What you have to do
Stopping right after the line with "[0:00.0-0:09.8]", please reproduce the material below exactly from its first line.

Records for this exercise

════════════════════

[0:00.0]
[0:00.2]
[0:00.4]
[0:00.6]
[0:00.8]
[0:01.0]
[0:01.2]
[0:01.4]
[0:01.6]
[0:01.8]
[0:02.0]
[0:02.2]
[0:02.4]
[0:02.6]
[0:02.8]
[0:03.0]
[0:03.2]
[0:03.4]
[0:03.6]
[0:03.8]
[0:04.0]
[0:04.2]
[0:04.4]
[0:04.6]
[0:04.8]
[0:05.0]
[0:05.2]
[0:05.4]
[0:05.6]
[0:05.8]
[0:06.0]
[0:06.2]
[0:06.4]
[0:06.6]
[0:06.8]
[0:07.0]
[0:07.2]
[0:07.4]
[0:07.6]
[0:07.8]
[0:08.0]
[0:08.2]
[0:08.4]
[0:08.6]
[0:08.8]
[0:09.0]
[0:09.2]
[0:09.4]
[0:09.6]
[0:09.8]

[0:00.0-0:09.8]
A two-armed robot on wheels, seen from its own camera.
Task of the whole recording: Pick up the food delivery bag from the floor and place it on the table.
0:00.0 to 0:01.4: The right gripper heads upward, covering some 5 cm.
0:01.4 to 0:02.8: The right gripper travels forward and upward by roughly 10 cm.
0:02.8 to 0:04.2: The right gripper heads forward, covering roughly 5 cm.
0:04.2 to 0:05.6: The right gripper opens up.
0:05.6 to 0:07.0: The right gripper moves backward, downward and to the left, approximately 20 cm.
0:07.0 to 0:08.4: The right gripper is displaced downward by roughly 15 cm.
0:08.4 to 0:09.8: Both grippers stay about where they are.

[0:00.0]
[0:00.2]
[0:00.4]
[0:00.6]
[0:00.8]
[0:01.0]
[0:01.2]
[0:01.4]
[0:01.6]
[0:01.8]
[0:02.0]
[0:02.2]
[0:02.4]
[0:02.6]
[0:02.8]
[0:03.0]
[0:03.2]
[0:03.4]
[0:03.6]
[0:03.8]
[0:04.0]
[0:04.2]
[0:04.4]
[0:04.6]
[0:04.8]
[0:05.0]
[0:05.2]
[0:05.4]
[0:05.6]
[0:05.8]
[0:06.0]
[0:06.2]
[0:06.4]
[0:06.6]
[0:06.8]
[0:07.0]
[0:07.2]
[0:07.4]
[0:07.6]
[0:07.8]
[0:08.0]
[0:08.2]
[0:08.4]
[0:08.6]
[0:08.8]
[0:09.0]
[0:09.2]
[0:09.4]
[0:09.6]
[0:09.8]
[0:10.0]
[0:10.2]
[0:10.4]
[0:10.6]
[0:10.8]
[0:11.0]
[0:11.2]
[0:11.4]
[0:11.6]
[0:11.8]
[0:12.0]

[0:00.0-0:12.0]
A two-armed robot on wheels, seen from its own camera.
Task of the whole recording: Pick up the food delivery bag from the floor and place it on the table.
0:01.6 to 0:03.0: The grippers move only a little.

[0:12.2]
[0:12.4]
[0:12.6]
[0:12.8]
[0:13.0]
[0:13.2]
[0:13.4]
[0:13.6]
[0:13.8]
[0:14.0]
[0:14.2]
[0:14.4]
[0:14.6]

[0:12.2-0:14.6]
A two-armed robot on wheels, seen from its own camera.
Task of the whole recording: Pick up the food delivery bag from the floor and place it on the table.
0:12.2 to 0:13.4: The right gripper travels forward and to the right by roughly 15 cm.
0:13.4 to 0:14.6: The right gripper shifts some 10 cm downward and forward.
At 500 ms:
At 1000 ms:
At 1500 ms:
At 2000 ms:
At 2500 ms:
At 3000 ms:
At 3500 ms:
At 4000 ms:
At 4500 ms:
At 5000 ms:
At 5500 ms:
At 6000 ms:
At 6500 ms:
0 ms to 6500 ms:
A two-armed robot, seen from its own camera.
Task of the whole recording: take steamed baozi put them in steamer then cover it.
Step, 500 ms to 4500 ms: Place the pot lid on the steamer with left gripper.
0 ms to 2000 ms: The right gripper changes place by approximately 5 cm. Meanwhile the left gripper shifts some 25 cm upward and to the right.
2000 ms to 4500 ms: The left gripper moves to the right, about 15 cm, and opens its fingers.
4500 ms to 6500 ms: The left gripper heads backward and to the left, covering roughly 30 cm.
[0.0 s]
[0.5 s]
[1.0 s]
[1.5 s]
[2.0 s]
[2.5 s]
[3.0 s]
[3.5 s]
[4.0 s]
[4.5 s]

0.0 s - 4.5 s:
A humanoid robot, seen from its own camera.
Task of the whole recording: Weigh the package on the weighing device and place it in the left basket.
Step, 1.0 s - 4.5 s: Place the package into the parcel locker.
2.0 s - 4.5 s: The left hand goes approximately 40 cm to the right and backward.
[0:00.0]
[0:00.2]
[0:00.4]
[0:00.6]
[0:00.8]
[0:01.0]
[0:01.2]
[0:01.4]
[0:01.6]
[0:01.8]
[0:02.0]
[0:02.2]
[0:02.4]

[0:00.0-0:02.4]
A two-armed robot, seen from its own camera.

════════════════════

Exercise output
[0:00.0]
[0:00.2]
[0:00.4]
[0:00.6]
[0:00.8]
[0:01.0]
[0:01.2]
[0:01.4]
[0:01.6]
[0:01.8]
[0:02.0]
[0:02.2]
[0:02.4]
[0:02.6]
[0:02.8]
[0:03.0]
[0:03.2]
[0:03.4]
[0:03.6]
[0:03.8]
[0:04.0]
[0:04.2]
[0:04.4]
[0:04.6]
[0:04.8]
[0:05.0]
[0:05.2]
[0:05.4]
[0:05.6]
[0:05.8]
[0:06.0]
[0:06.2]
[0:06.4]
[0:06.6]
[0:06.8]
[0:07.0]
[0:07.2]
[0:07.4]
[0:07.6]
[0:07.8]
[0:08.0]
[0:08.2]
[0:08.4]
[0:08.6]
[0:08.8]
[0:09.0]
[0:09.2]
[0:09.4]
[0:09.6]
[0:09.8]

[0:00.0-0:09.8]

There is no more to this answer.